# [What is required]
State the count of lines below featuring the word "blocks", and write nothing further.

====== Recorded information

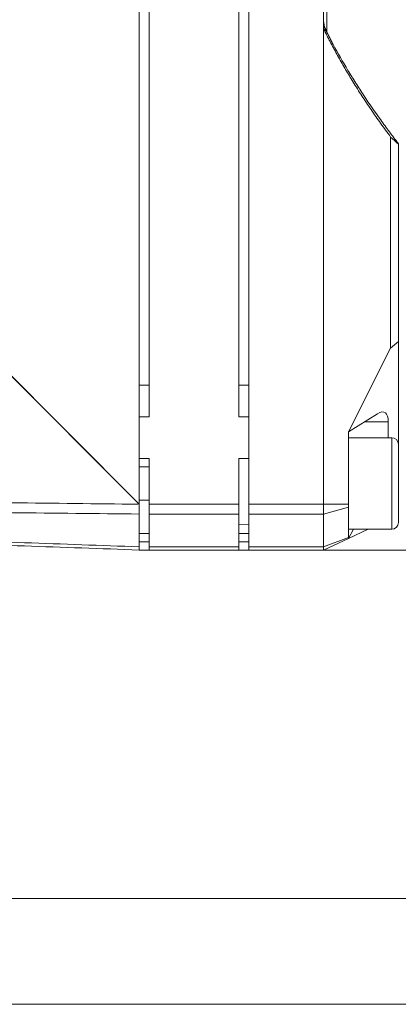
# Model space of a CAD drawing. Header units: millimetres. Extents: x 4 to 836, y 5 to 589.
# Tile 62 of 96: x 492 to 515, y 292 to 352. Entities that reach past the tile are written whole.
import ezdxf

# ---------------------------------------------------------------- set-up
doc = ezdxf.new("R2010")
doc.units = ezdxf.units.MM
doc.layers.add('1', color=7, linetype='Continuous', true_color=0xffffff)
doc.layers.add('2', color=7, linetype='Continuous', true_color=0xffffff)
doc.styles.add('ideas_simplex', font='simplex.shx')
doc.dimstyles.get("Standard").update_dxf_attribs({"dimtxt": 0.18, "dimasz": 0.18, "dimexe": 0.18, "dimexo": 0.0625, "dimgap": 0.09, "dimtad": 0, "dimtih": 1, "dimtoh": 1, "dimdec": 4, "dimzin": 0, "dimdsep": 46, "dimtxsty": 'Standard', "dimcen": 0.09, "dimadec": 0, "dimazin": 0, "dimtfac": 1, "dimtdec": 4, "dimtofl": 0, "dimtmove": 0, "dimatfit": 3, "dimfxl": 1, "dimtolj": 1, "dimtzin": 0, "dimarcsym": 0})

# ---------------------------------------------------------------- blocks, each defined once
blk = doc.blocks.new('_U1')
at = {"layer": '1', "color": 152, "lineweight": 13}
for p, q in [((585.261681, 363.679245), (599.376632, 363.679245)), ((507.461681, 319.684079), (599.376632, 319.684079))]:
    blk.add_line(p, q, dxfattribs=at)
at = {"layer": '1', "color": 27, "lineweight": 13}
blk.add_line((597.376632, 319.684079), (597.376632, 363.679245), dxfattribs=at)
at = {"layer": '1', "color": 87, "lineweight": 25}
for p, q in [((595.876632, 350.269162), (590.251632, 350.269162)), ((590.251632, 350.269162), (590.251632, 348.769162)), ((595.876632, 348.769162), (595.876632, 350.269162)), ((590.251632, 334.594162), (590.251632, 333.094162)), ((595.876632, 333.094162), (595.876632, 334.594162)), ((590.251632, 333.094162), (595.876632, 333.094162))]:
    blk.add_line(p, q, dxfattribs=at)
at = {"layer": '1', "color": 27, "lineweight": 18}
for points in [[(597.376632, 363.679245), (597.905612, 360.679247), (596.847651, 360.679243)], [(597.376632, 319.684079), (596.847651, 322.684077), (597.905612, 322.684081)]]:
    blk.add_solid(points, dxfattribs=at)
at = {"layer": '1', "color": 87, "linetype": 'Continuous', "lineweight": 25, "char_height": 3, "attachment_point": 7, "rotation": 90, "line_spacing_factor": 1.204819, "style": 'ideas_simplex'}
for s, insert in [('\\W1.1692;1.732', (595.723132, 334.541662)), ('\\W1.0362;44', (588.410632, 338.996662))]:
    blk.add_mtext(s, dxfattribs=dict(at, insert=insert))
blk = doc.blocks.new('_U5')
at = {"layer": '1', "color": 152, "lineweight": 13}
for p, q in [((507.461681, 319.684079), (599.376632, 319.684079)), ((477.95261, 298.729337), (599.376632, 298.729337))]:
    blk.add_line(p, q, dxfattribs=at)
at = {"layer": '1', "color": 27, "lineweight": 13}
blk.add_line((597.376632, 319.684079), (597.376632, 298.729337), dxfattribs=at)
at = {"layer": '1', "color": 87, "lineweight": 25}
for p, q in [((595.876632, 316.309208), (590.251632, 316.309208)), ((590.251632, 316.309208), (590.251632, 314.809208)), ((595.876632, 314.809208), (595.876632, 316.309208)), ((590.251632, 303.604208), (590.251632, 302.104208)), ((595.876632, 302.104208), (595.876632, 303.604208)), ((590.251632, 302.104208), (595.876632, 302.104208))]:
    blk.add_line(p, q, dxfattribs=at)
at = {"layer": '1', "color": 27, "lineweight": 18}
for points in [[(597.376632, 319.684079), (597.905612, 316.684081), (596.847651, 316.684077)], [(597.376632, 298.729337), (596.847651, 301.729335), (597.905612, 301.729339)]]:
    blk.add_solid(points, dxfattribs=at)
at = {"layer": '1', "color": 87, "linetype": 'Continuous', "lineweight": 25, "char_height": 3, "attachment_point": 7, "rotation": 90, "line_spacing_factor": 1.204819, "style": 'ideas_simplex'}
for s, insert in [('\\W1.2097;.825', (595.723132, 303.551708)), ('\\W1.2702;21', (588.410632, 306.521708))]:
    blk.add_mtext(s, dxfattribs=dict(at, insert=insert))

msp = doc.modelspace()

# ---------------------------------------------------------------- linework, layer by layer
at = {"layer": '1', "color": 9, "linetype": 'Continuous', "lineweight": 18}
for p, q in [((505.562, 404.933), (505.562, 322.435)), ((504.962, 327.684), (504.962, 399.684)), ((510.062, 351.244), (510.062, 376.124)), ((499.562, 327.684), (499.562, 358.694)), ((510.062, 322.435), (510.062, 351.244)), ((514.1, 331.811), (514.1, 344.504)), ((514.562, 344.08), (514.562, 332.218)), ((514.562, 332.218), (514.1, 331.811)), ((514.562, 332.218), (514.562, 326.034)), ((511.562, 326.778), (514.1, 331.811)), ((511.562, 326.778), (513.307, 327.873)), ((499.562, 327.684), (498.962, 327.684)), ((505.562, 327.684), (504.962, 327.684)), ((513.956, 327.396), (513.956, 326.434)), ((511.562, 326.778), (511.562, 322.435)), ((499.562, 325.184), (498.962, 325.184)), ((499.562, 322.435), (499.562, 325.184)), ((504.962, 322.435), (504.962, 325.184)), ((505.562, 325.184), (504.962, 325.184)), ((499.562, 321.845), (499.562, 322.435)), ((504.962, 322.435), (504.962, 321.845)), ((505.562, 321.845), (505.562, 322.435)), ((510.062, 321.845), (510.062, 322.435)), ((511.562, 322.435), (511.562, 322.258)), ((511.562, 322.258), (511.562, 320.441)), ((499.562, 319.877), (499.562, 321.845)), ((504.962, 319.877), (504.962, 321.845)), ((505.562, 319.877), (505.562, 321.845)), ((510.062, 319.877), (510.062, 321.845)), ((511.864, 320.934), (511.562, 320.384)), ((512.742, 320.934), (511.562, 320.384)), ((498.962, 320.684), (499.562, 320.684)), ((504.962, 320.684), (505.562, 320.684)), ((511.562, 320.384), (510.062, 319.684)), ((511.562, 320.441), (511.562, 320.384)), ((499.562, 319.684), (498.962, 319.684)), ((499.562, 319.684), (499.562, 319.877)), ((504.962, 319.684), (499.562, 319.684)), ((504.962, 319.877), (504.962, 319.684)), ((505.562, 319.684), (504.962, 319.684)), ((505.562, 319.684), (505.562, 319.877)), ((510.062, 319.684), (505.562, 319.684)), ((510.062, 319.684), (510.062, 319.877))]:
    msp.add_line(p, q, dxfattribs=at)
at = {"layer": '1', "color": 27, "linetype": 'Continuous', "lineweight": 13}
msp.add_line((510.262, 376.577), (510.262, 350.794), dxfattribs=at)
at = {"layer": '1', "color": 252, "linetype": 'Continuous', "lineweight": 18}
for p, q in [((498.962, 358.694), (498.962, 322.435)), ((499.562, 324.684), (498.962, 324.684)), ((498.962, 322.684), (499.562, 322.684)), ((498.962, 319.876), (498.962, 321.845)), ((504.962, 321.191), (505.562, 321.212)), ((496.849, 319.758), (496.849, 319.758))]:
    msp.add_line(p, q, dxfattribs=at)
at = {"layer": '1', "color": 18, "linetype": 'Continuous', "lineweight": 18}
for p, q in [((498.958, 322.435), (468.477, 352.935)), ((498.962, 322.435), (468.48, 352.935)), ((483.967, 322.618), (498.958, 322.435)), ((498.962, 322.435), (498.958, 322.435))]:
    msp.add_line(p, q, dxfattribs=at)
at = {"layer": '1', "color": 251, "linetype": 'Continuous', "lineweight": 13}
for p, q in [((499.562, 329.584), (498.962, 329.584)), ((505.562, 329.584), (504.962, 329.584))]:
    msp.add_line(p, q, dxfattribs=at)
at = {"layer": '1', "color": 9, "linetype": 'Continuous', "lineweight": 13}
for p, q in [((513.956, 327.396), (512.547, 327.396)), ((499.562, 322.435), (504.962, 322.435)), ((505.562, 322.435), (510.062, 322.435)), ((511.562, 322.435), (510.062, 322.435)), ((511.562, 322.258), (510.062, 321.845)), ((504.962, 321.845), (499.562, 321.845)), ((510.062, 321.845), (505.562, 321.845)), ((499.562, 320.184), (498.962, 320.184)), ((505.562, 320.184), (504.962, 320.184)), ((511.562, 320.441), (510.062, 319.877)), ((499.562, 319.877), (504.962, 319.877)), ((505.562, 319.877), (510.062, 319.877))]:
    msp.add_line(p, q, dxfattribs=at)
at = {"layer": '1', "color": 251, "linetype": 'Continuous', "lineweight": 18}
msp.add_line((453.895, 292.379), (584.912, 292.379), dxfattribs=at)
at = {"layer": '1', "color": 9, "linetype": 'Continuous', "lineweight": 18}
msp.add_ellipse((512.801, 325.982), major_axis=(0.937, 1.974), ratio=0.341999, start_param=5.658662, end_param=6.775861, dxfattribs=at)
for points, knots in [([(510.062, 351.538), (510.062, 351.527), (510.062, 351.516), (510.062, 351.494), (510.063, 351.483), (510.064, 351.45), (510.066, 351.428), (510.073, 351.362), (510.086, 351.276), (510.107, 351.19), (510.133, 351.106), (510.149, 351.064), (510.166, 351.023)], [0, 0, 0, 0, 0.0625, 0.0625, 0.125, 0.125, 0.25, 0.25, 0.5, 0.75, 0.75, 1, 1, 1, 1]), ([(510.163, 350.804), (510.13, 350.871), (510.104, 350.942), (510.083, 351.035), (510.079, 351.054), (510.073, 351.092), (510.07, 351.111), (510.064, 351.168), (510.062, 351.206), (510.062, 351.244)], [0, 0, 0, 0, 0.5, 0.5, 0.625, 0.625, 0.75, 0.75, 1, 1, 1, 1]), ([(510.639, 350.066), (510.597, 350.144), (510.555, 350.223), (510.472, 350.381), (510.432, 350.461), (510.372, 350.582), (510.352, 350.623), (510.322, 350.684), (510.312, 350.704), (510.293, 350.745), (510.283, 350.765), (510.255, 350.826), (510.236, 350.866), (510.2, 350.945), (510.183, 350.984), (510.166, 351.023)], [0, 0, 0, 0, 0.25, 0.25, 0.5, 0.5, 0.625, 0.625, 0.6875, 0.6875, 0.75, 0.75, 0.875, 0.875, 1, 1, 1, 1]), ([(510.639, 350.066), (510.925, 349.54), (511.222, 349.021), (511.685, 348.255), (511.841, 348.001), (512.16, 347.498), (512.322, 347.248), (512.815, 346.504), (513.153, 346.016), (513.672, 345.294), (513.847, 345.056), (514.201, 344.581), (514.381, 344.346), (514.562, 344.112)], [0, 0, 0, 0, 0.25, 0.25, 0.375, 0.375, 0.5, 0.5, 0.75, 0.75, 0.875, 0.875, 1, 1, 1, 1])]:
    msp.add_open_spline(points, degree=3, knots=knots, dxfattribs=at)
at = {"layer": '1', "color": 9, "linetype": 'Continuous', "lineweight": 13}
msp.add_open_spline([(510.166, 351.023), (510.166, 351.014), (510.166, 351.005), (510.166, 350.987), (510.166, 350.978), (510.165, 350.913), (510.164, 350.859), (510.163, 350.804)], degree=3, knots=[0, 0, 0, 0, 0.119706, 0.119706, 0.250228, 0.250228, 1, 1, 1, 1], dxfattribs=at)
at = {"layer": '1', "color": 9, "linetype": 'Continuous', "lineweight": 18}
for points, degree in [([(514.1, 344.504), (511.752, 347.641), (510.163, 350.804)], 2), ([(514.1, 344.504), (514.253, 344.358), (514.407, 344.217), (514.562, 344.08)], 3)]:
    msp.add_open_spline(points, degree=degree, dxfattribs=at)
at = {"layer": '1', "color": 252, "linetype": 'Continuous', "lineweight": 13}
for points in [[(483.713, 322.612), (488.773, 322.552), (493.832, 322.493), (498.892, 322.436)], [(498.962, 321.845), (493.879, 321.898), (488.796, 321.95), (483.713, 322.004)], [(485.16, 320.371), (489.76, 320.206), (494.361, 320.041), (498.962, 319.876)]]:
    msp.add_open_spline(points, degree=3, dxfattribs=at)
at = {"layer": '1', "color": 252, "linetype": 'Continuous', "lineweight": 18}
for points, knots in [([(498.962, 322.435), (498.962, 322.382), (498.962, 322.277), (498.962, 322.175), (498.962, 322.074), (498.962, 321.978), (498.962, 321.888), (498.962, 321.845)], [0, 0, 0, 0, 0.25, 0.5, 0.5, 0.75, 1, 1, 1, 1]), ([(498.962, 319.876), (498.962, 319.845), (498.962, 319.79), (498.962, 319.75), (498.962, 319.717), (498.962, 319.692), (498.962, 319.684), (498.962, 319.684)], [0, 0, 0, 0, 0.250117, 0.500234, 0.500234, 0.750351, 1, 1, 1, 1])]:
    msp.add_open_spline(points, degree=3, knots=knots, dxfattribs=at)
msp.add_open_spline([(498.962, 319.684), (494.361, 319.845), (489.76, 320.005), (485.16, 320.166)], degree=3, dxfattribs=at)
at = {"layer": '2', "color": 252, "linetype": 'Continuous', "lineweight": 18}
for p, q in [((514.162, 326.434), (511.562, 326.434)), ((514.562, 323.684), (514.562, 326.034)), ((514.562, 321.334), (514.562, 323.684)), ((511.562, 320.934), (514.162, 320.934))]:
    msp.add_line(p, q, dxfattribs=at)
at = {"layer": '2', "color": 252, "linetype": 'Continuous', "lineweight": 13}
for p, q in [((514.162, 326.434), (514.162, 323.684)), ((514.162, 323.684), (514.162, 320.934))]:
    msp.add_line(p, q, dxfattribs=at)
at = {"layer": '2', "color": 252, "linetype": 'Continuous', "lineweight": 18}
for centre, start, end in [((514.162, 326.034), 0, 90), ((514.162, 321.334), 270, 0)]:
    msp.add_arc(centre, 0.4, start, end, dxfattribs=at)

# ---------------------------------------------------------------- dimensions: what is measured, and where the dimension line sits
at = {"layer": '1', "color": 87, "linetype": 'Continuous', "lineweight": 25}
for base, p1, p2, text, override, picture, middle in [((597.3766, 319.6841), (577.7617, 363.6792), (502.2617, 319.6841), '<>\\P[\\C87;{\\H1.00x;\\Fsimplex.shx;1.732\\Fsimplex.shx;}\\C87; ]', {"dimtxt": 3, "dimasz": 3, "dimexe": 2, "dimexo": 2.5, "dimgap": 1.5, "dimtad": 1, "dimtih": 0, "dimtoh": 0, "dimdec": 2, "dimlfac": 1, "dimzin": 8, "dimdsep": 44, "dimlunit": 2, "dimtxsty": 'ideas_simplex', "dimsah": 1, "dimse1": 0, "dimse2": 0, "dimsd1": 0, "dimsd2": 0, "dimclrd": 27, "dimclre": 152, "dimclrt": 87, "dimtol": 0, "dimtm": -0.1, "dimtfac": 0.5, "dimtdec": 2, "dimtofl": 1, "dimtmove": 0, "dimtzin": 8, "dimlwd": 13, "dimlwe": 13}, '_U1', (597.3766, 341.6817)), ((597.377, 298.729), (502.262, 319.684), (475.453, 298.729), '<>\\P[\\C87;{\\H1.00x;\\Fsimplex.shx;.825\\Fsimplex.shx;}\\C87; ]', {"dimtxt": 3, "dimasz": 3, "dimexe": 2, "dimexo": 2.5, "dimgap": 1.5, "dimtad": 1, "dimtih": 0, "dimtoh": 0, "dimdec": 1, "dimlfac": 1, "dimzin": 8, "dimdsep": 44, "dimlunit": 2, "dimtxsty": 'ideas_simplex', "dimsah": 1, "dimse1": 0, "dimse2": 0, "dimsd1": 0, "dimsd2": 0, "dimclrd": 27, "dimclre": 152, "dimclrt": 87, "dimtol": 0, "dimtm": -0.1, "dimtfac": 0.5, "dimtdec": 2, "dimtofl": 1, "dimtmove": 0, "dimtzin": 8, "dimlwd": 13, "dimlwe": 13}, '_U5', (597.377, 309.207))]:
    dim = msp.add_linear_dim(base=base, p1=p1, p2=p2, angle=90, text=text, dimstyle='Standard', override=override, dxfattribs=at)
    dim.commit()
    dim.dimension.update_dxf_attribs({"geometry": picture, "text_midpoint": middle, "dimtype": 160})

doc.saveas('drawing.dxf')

============

# [Answer area]
3